BEGIN DATA RECORDS

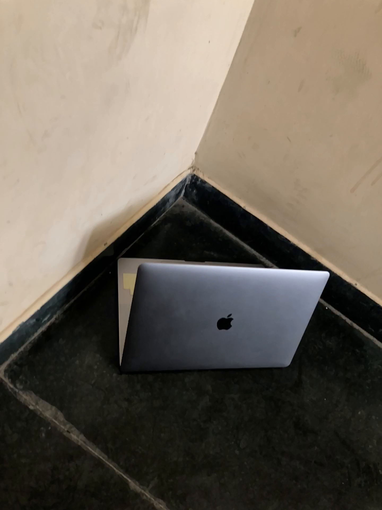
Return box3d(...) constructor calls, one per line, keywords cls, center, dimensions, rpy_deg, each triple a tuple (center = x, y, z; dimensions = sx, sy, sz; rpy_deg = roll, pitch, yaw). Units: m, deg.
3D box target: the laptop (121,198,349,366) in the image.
box3d(cls="laptop", center=(0.055, 0.061, 0.766), dimensions=(0.329, 0.198, 0.221), rpy_deg=(3, 57, -15))
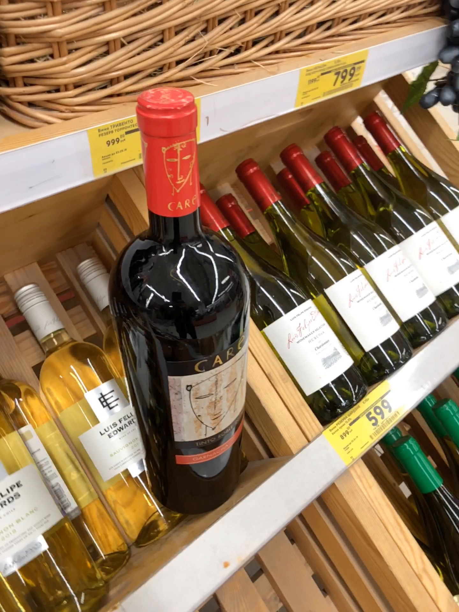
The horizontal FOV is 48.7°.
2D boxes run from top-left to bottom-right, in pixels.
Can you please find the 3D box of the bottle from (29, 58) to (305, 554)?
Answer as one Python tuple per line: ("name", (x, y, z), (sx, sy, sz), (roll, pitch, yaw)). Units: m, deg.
("bottle", (-0.035, 0.031, 0.371), (0.100, 0.358, 0.100), (0, 40, 0))
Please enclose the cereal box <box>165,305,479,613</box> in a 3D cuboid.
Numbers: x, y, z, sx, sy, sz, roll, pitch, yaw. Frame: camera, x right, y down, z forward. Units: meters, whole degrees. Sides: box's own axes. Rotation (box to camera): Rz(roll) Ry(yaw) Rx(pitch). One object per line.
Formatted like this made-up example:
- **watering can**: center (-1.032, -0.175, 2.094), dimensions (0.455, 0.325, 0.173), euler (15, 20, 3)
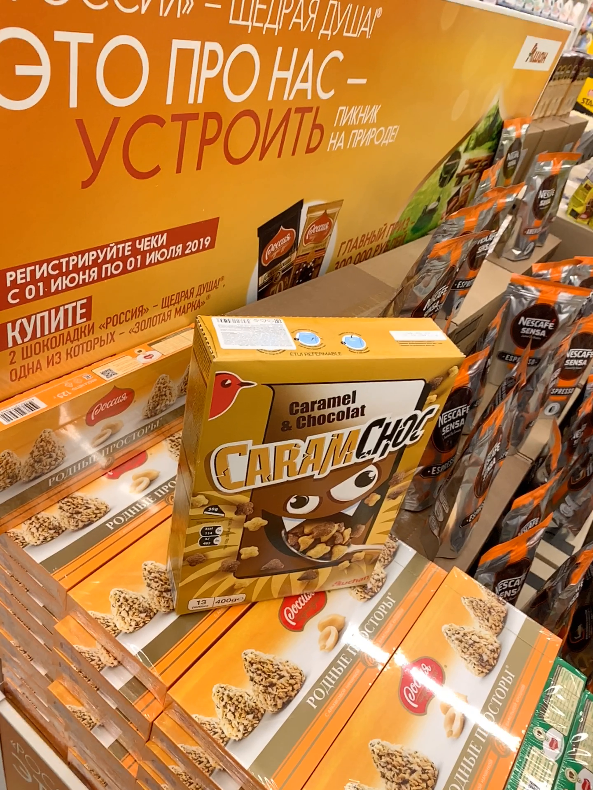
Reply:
- **cereal box**: center (0.005, 0.063, 0.521), dimensions (0.200, 0.278, 0.060), euler (-1, 39, -21)
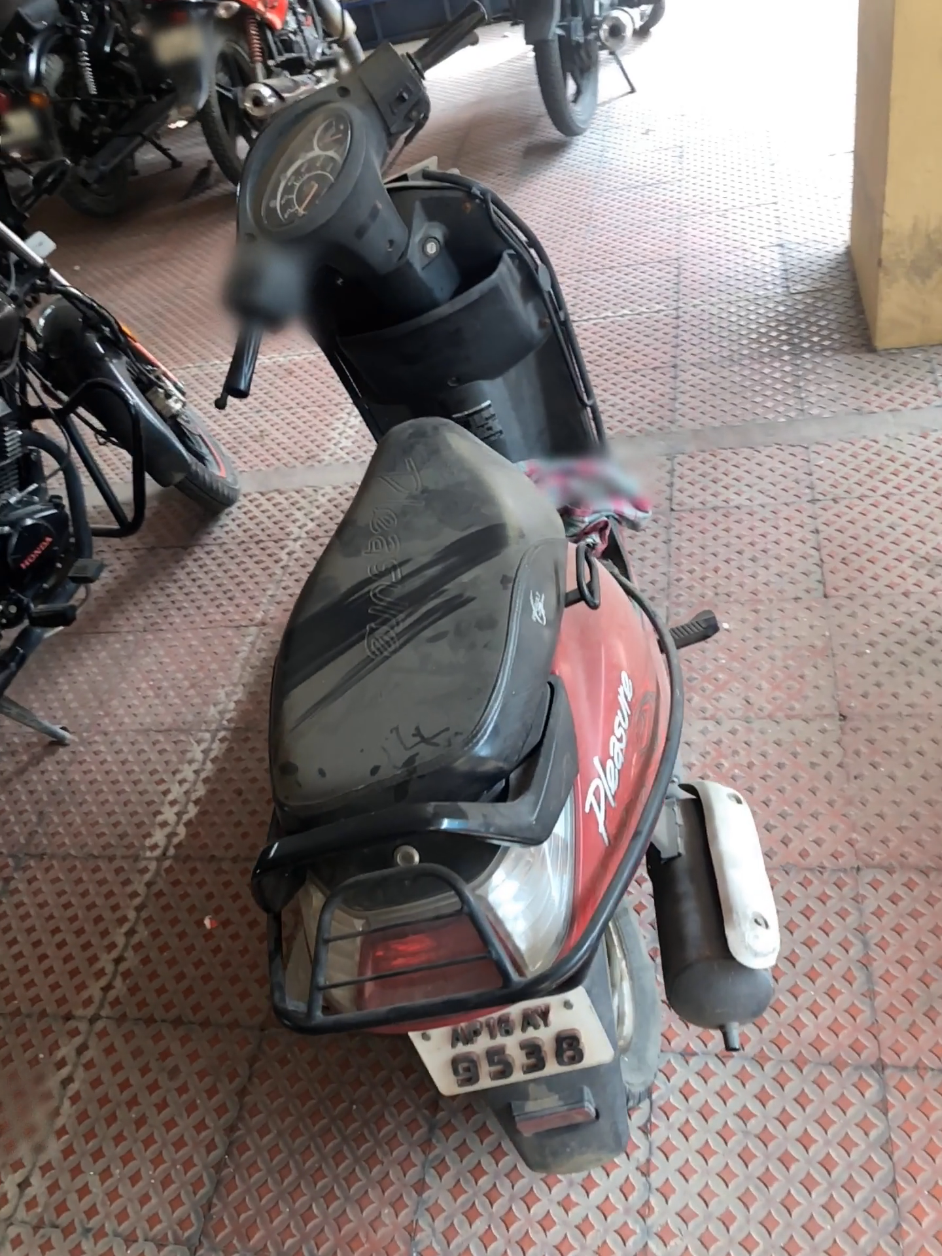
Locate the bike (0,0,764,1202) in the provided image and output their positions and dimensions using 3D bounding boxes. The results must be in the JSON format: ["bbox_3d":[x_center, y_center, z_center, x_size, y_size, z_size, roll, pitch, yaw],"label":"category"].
[{"bbox_3d":[-0.128,-0.214,1.586,0.599,1.030,1.659,-13,42,4],"label":"bike"}]
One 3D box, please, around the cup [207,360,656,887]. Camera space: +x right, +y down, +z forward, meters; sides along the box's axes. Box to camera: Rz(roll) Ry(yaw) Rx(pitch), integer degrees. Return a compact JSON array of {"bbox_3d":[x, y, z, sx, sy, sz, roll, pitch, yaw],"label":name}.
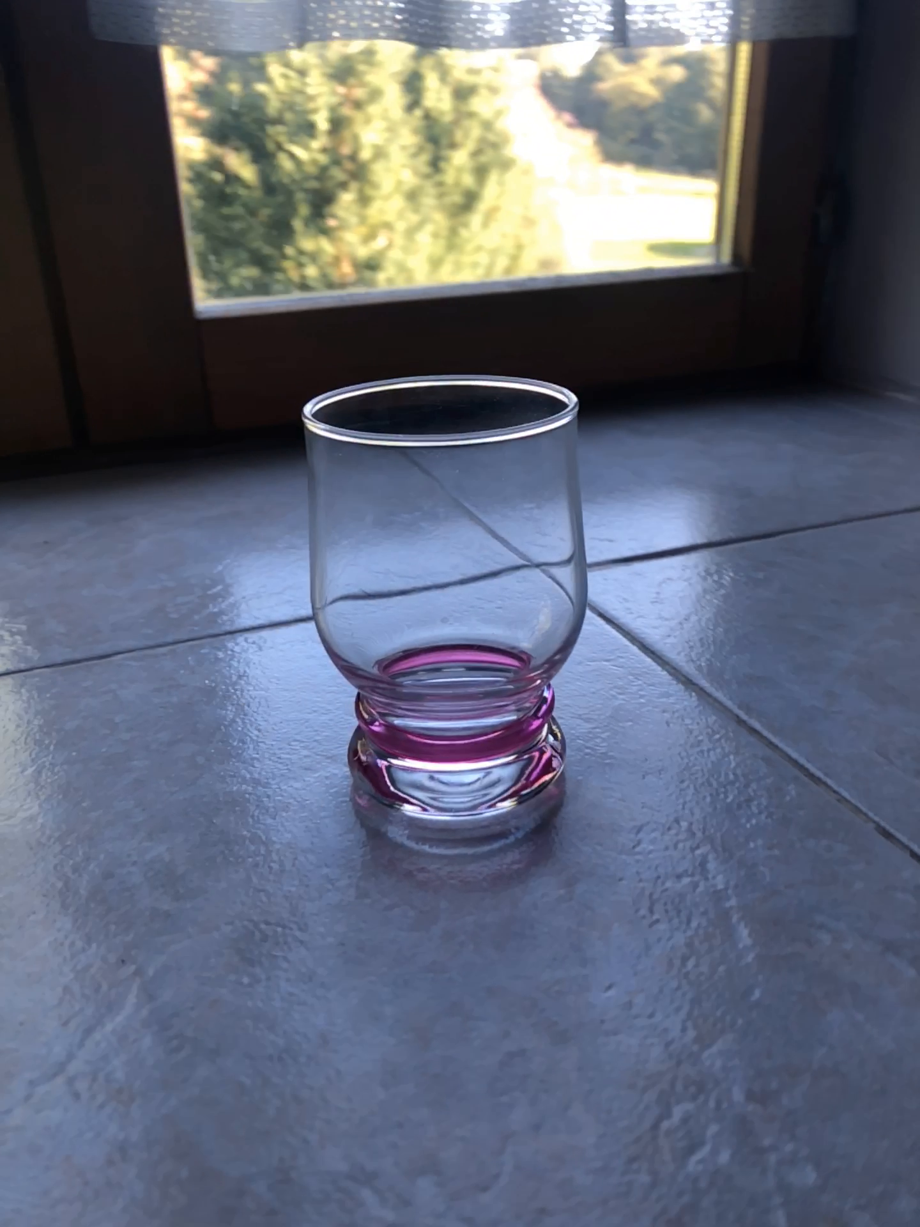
[{"bbox_3d":[-0.004,-0.005,0.267,0.079,0.102,0.079,-1,24,0],"label":"cup"}]
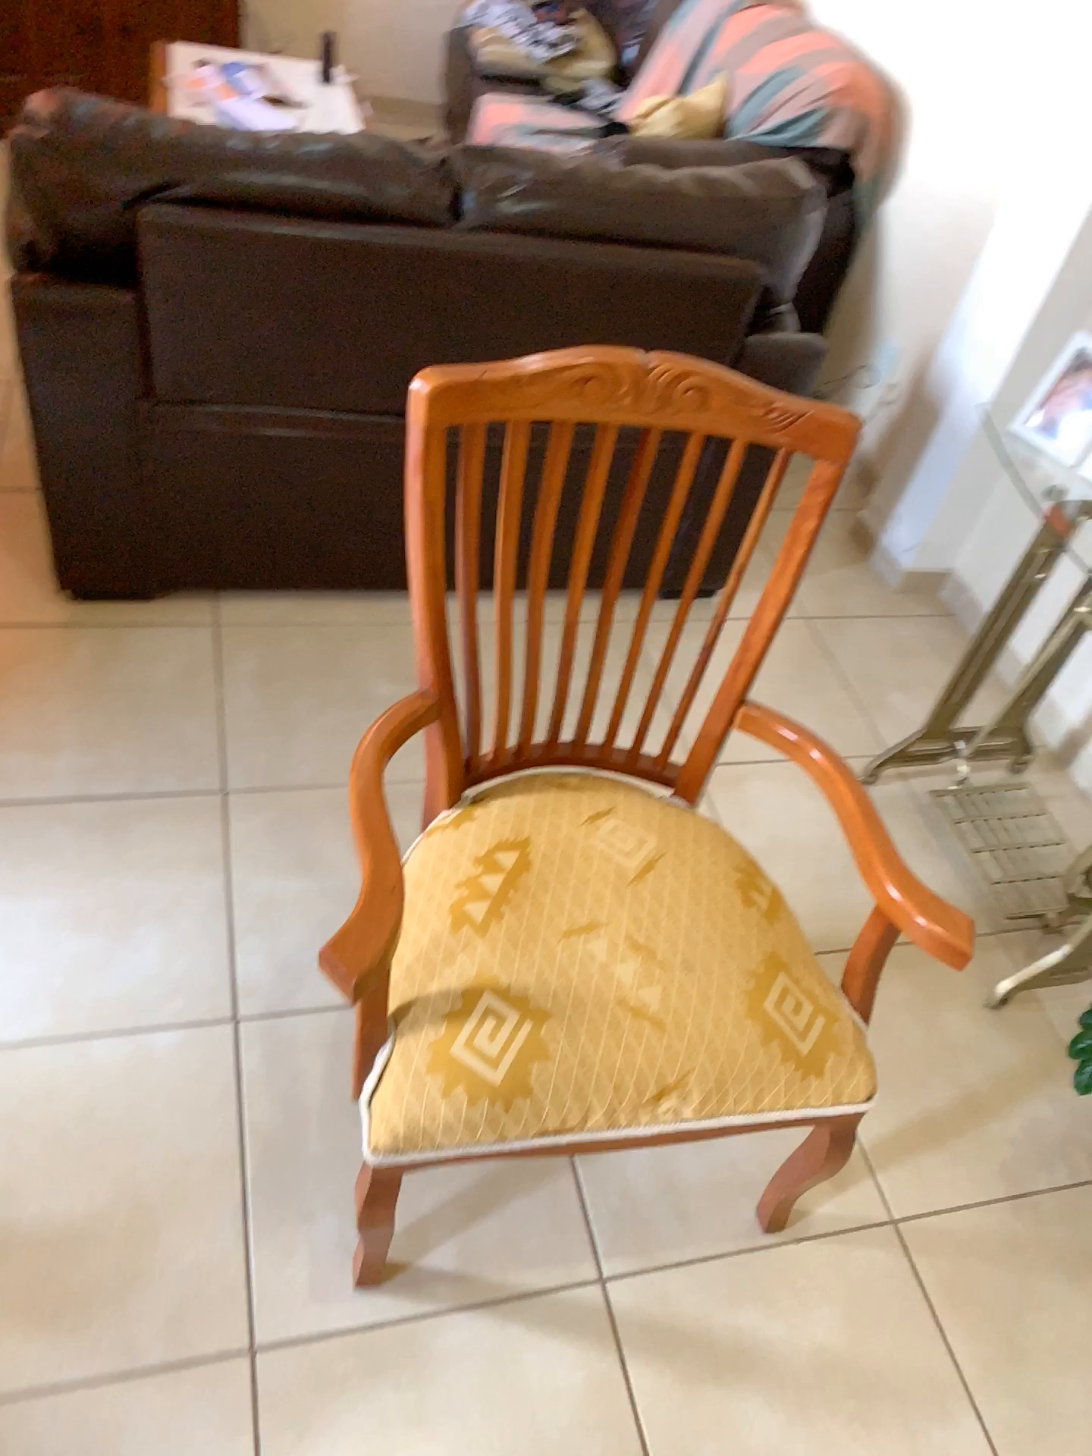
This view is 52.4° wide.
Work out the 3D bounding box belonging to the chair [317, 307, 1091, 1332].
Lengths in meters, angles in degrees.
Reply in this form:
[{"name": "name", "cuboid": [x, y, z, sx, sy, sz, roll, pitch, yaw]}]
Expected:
[{"name": "chair", "cuboid": [0.086, 0.158, 1.327, 0.621, 1.015, 0.633, 0, 45, -16]}]
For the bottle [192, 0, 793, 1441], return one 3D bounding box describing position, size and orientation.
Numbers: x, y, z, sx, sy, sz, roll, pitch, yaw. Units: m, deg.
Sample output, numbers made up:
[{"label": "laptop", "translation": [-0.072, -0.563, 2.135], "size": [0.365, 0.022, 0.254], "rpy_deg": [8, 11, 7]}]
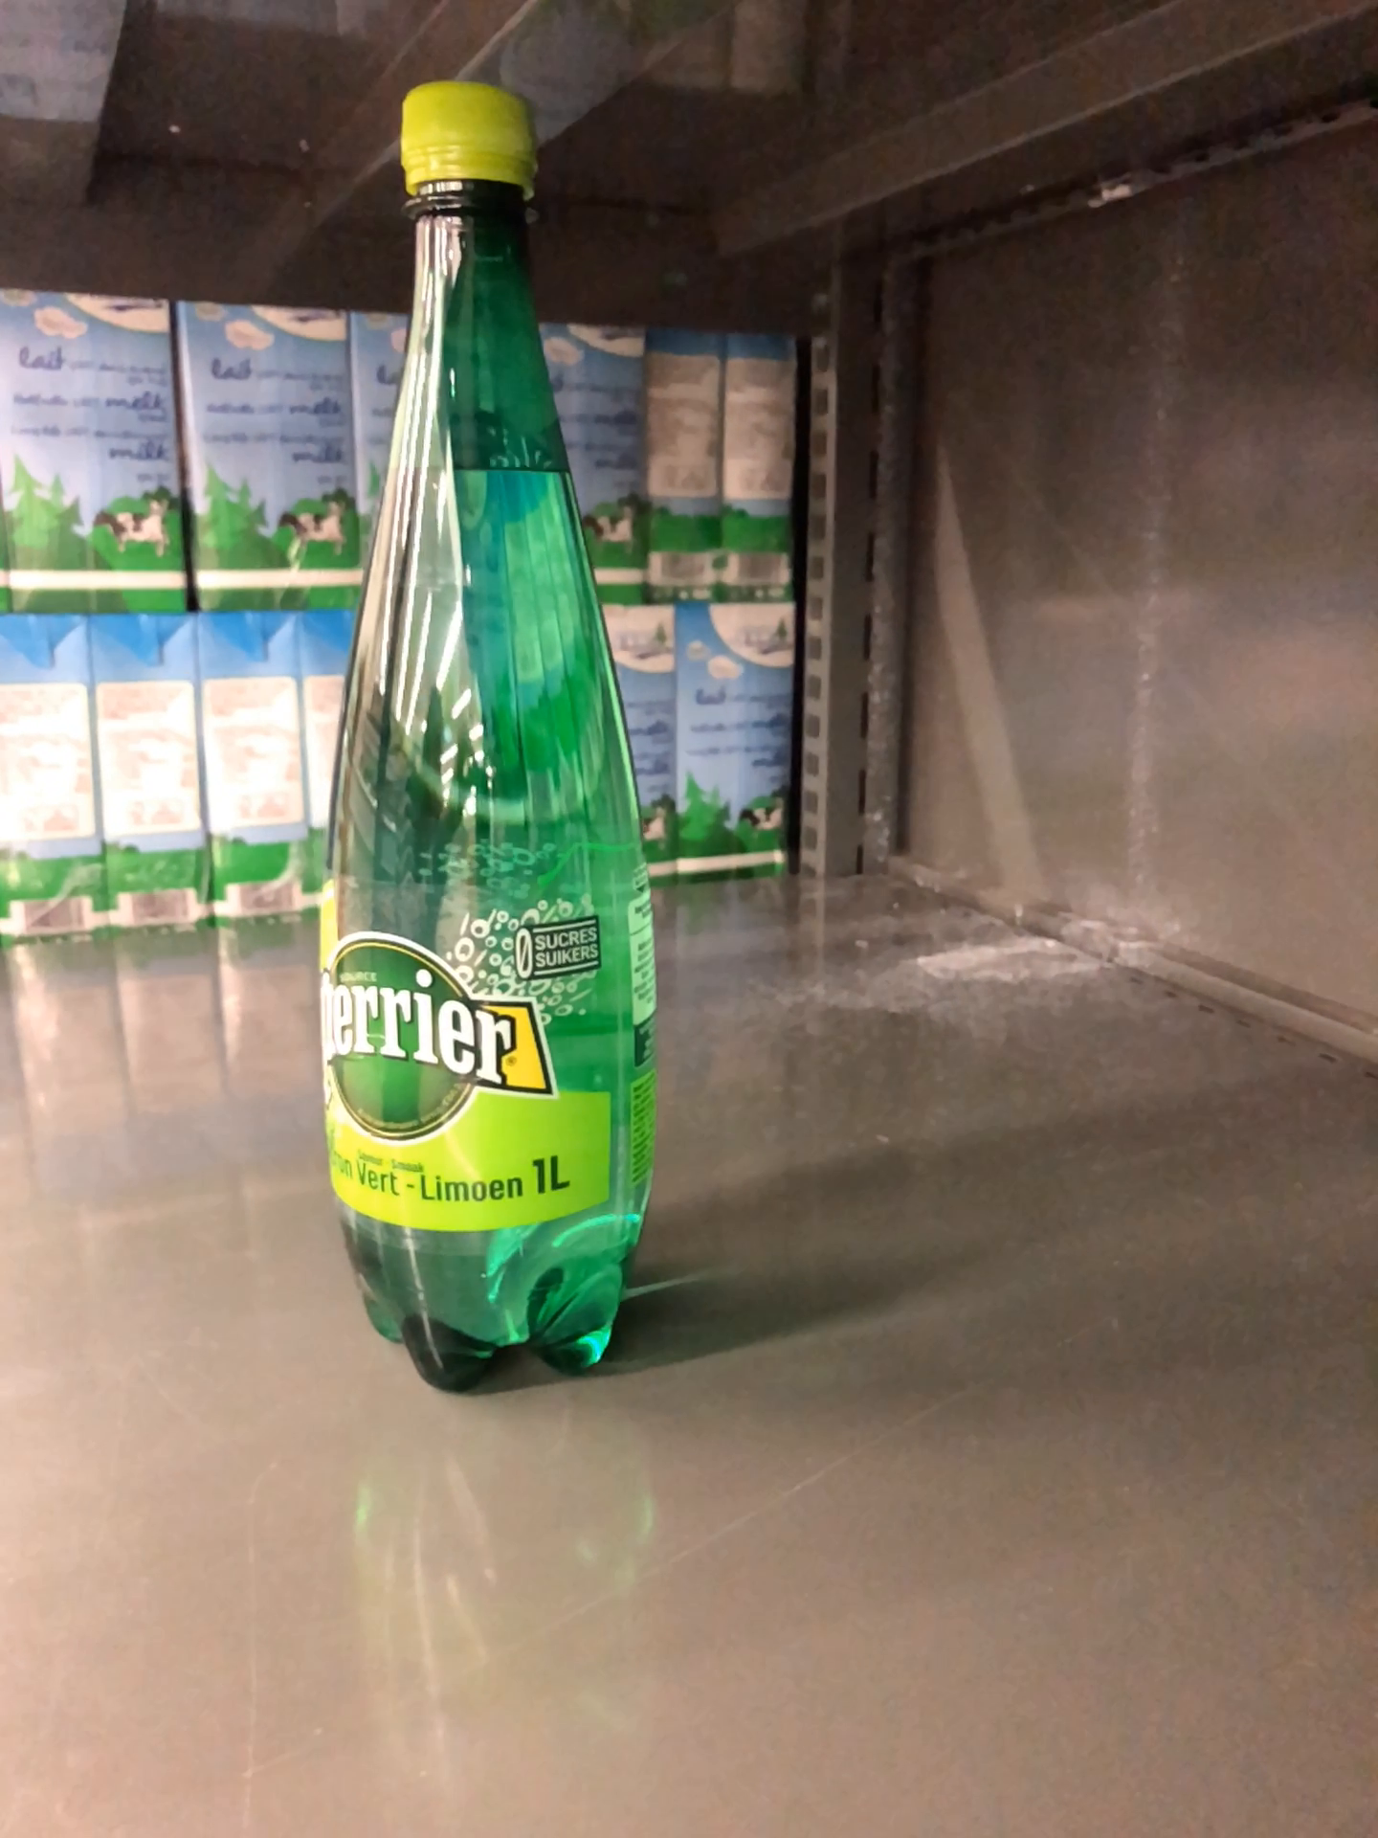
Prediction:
[{"label": "bottle", "translation": [-0.044, -0.044, 0.376], "size": [0.100, 0.299, 0.090], "rpy_deg": [11, 17, 39]}]

END DATA RECORDS

# YOUR GOAL
The answer must be the lines above from the line that contains "yaw. Units: m, deg." to the final line of the data, word for word, with no pictures.

# WRITTEN SOLUTION
Numbers: x, y, z, sx, sy, sz, roll, pitch, yaw. Units: m, deg.
Sample output, numbers made up:
[{"label": "laptop", "translation": [-0.072, -0.563, 2.135], "size": [0.365, 0.022, 0.254], "rpy_deg": [8, 11, 7]}]
Prediction:
[{"label": "bottle", "translation": [-0.044, -0.044, 0.376], "size": [0.100, 0.299, 0.090], "rpy_deg": [11, 17, 39]}]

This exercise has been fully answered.